[Try it] Below are the records. Gather each line that holds "PETICIÓN".

————————

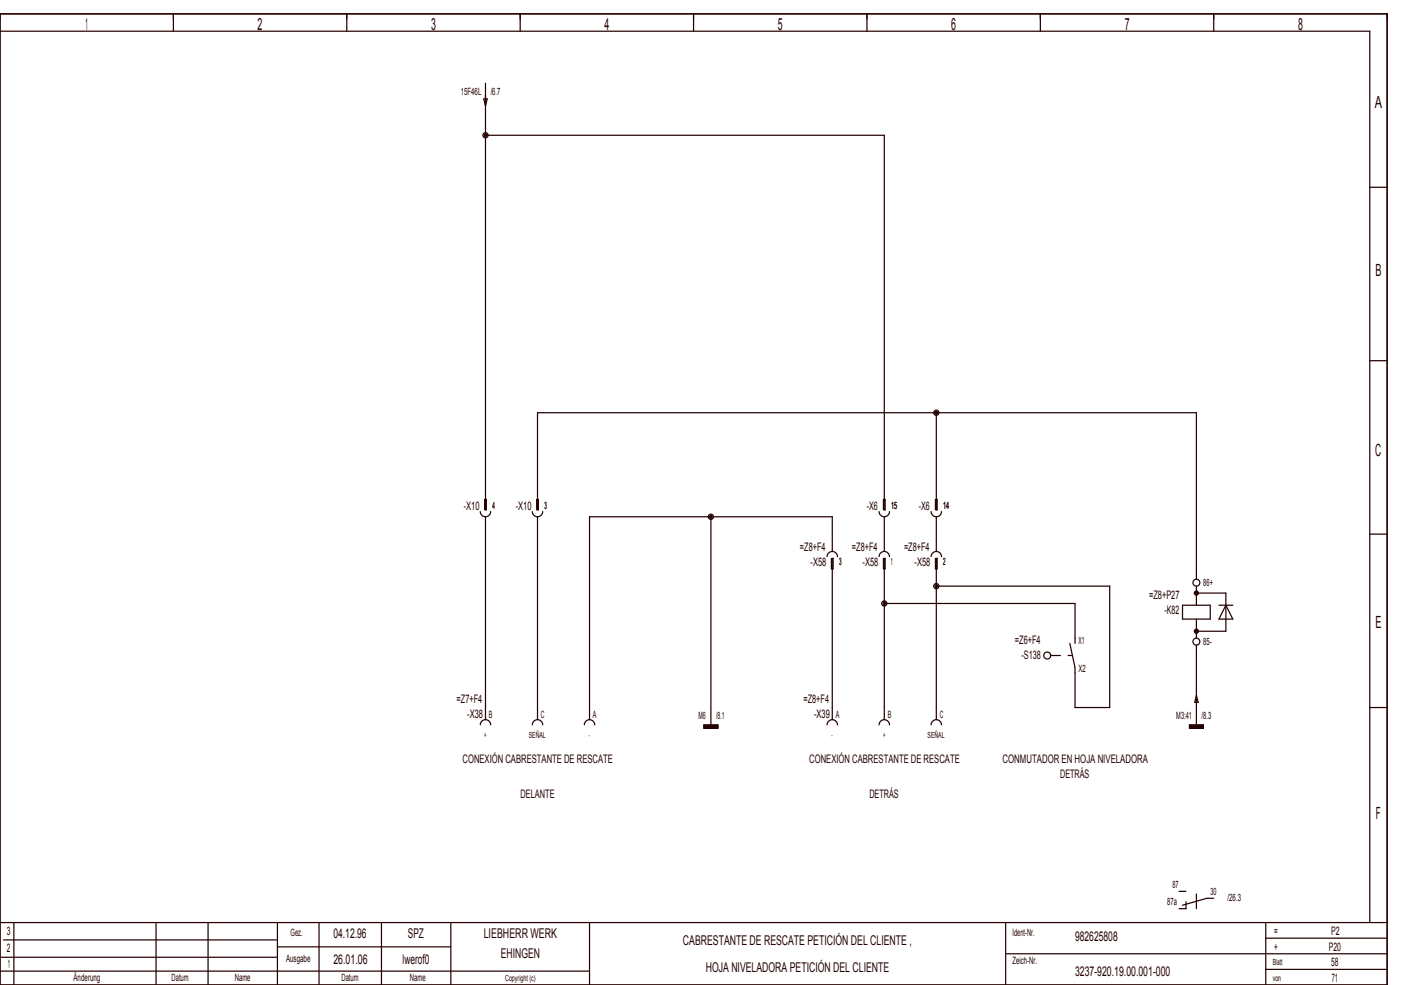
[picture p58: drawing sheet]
<svg xmlns="http://www.w3.org/2000/svg" width="404mm" height="284mm" viewBox="0 0 404 284" stroke-linecap="round" stroke-linejoin="round" font-family="sans-serif">
<defs><g id="words">
<g font-size="4.8" fill="#240000">
<text x="24.6" y="8.6">1</text>
<text x="74.3" y="8.6">2</text>
<text x="124.3" y="8.6">3</text>
<text x="174.3" y="8.6">4</text>
<text x="224.3" y="8.6">5</text>
<text x="274.3" y="8.6">6</text>
<text x="324.3" y="8.6">7</text>
<text x="374.3" y="8.6">8</text>
<text x="396.5" y="31.1">A</text>
<text x="396.7" y="79.6">B</text>
<text x="396.6" y="131.6">C</text>
<text x="396.7" y="181.1">E</text>
<text x="396.8" y="236.1">F</text>
</g>
<g font-size="3.9" fill="#240000">
<text x="96.2" y="270.3">04.12.96</text>
<text x="117.6" y="270.3">SPZ</text>
<text x="139.5" y="270.3">LIEBHERR WERK</text>
<text x="196.9" y="272.3">CABRESTANTE DE RESCATE PETICIÓN DEL CLIENTE ,</text>
<text x="310" y="271.3">982625808</text>
<text x="96.1" y="277.8">26.01.06</text>
<text x="116.1" y="277.8">lwerof0</text>
<text x="144.4" y="276.3">EHINGEN</text>
<text x="203.5" y="280.3">HOJA NIVELADORA PETICIÓN DEL CLIENTE</text>
<text x="310" y="281.3">3237­920.19.00.001­000</text>
</g>
<g font-size="3.4" fill="#240000">
<text x="133.7" y="147.1">­X10</text>
<text x="148.7" y="147.1">­X10</text>
<text x="249.9" y="147.1">­X6</text>
<text x="264.9" y="147.1">­X6</text>
<text x="230.7" y="158.7">=Z8+F4</text>
<text x="245.7" y="158.7">=Z8+F4</text>
<text x="260.7" y="158.7">=Z8+F4</text>
<text x="233.7" y="163.1">­X58</text>
<text x="248.7" y="163.1">­X58</text>
<text x="263.7" y="163.1">­X58</text>
<text x="331.3" y="172.7">=Z8+P27</text>
<text x="335.8" y="177.1">­K82</text>
<text x="292.7" y="185.7">=Z6+F4</text>
<text x="294.5" y="190.1">­S138</text>
<text x="131.7" y="202.7">=Z7+F4</text>
<text x="231.7" y="202.7">=Z8+F4</text>
<text x="134.7" y="207.1">­X38</text>
<text x="234.7" y="207.1">­X39</text>
<text x="133.4" y="220.1">CONEXIÓN CABRESTANTE DE RESCATE</text>
<text x="233.4" y="220.1">CONEXIÓN CABRESTANTE DE RESCATE</text>
<text x="289.1" y="220.1">CONMUTADOR EN HOJA NIVELADORA</text>
<text x="305.7" y="224.4">DETRÁS</text>
<text x="150.1" y="230.1">DELANTE</text>
<text x="250.7" y="230.1">DETRÁS</text>
<text x="2" y="269.6">3</text>
<text x="367.5" y="269.6">=</text>
<text x="383.8" y="269.6">P2</text>
<text x="2" y="274.6">2</text>
<text x="367.5" y="274.1">+</text>
<text x="383.2" y="274.1">P20</text>
<text x="2.2" y="279.1">1</text>
<text x="383.9" y="278.6">58</text>
<text x="384" y="283.1">71</text>
</g>
<g font-size="2.9" fill="#240000">
<text x="132.8" y="27.4">15F46L</text>
<text x="141.5" y="27.4">/6.7</text>
<text x="142" y="146.9">4</text>
<text x="157" y="146.9">3</text>
<text x="257" y="146.9">15</text>
<text x="272" y="146.9">14</text>
<text x="242" y="162.9">3</text>
<text x="257" y="162.9">1</text>
<text x="272" y="162.9">2</text>
<text x="347" y="168.9">86+</text>
<text x="311" y="185.8">X1</text>
<text x="347" y="185.9">85­</text>
<text x="311" y="193.9">X2</text>
<text x="141" y="206.9">B</text>
<text x="156" y="206.9">C</text>
<text x="171" y="206.9">A</text>
<text x="201.4" y="207.4">M6</text>
<text x="206.5" y="207.4">/8.1</text>
<text x="241" y="206.9">A</text>
<text x="256" y="206.9">B</text>
<text x="271" y="206.9">C</text>
<text x="339.2" y="207.4">M3:41</text>
<text x="346.5" y="207.4">/8.3</text>
<text x="338.1" y="256">87</text>
<text x="349.1" y="258">30</text>
<text x="336.6" y="261">87a</text>
<text x="354" y="259.9">/26.3</text>
<text x="83.8" y="269.9">Gez.</text>
<text x="292" y="269.9">Ident­Nr.</text>
<text x="82.5" y="277.4">Ausgabe</text>
<text x="292" y="277.9">Zeich­Nr.</text>
<text x="21.2" y="282.9">Änderung</text>
<text x="49.5" y="282.9">Datum</text>
<text x="67.7" y="282.9">Name</text>
<text x="98.5" y="282.9">Datum</text>
<text x="118.2" y="282.9">Name</text>
</g>
<g font-size="2.4" fill="#240000">
<text x="139.6" y="212.8">+</text>
<text x="152.5" y="212.8">SEÑAL</text>
<text x="169.8" y="212.8">­</text>
<text x="239.8" y="212.8">­</text>
<text x="254.6" y="212.8">+</text>
<text x="267.5" y="212.8">SEÑAL</text>
<text x="367" y="278.3">Blatt</text>
<text x="145.7" y="282.8">Copyright (c)</text>
<text x="367" y="282.8">von</text>
</g>
</g></defs>
<g fill="none" stroke="#240000" stroke-width=".35">
<path d="M0 4h400v280h-400zM0 9h395v257M50 4v5M100 4v5M150 4v5M200 4v5M250 4v5M300 4v5M350 4v5M139.5 28.5h1l-.5 2zM140 24v123h.3v-3h-.6v3M140 39h115v108h.2v-3h-.5v3"/>
<path d="M395 54h5M270 119v28h.2v-3h-.4v3M395 104h5M138.5 147.5a1.5 1.5 0 0 0 1.5 1.5 1.5 1.5 0 0 0 1.5-1.5M140 149v58.5M153.5 147.5a1.5 1.5 0 0 0 1.5 1.5 1.5 1.5 0 0 0 1.5-1.5M154.7 147v-3h.5v3h-.2v-28h190v48M155 149v58.5M205 149v60M240 159v-10h-70v58.5M253.5 147.5a1.5 1.5 0 0 0 1.5 1.5 1.5 1.5 0 0 0 1.5-1.5M255 149v10"/>
<path d="M268.5 147.5a1.5 1.5 0 0 0 1.5 1.5 1.5 1.5 0 0 0 1.5-1.5M270 149v10M395 154h5M238.5 160.5a1.5 1.5 0 0 1 1.5-1.5 1.5 1.5 0 0 1 1.5 1.5M239.8 161v3h.4v-3h-.2v46.5M253.5 160.5a1.5 1.5 0 0 1 1.5-1.5 1.5 1.5 0 0 1 1.5 1.5M254.7 161v3h.5v-3h-.2v46.5M255 174h55v11.5M268.5 160.5a1.5 1.5 0 0 1 1.5-1.5 1.5 1.5 0 0 1 1.5 1.5M269.8 161v3h.4v-3h-.2v46.5M270 169h50v35h-10v-11.5l-1.5-7M341 174.5h8v4h-8z"/>
<path d="M345 169v5.5M345 178.5v5.5M345 171h8.5v11h-8.5M351.5 174.5h4M353.5 174.5l2 4h-4zM345 186v23M138.5 209a1.5 1.5 0 0 1 1.5-1.5 1.5 1.5 0 0 1 1.5 1.5M153.5 209a1.5 1.5 0 0 1 1.5-1.5 1.5 1.5 0 0 1 1.5 1.5M168.5 209a1.5 1.5 0 0 1 1.5-1.5 1.5 1.5 0 0 1 1.5 1.5M203 209h4v1h-4zM203 209.9h4M203 209.8h4"/>
<path d="M203 209.7h4M203 209.6h4M203 209.5h4M203 209.4h4M203 209.3h4M203 209.2h4M203 209.1h4M238.5 209a1.5 1.5 0 0 1 1.5-1.5 1.5 1.5 0 0 1 1.5 1.5M253.5 209a1.5 1.5 0 0 1 1.5-1.5 1.5 1.5 0 0 1 1.5 1.5M268.5 209a1.5 1.5 0 0 1 1.5-1.5 1.5 1.5 0 0 1 1.5 1.5M343 209h4v1h-4zM343 209.9h4"/>
<path d="M343 209.8h4M343 209.7h4M343 209.6h4M343 209.5h4M343 209.4h4M343 209.3h4M343 209.2h4M343 209.1h4M345 200.5l.5 2h-1zM395 204h5M340 257h2M342 260v2h-2"/>
<path d="M350 259h-2l-7 2M0 280h170M0 276h80M0 266h400M1 271h79M4 266v18M45 266v18M60 266v18M80 266v18M80 273h50M92 266v18M110 266v18"/>
<path d="M130 266v18M170 266v18M290 266v18M290 275h110M365 266v18M365 279.5h35M365 270.5h35"/>
<circle cx="140" cy="39" r=".75"/>
<circle cx="140" cy="39" r=".38"/>
<circle cx="270" cy="119" r=".75"/>
<circle cx="270" cy="119" r=".38"/>
<circle cx="205" cy="149" r=".75"/>
<circle cx="205" cy="149" r=".38"/>
<circle cx="255" cy="174" r=".75"/>
<circle cx="255" cy="174" r=".38"/>
<circle cx="270" cy="169" r=".75"/>
<circle cx="270" cy="169" r=".38"/>
<circle cx="345" cy="168" r="1"/>
<circle cx="345" cy="171" r=".6"/>
<circle cx="345" cy="171" r=".3"/>
<circle cx="302" cy="189" r="1"/>
<circle cx="345" cy="185" r="1"/>
<circle cx="345" cy="182" r=".6"/>
<circle cx="345" cy="182" r=".3"/>
</g>
<path d="M303 189h5M308 189h1" fill="none" stroke="#240000" stroke-width=".35" stroke-dasharray="2.8 2.8 .4 2.8"/>
<path d="M345 262v-6" fill="none" stroke="#240000" stroke-width=".35" stroke-dasharray="4.2 1.8"/>
<use href="#words"/>
</svg>

————————

[Reply]
<text x="196.9" y="272.3">CABRESTANTE DE RESCATE PETICIÓN DEL CLIENTE ,</text>
<text x="203.5" y="280.3">HOJA NIVELADORA PETICIÓN DEL CLIENTE</text>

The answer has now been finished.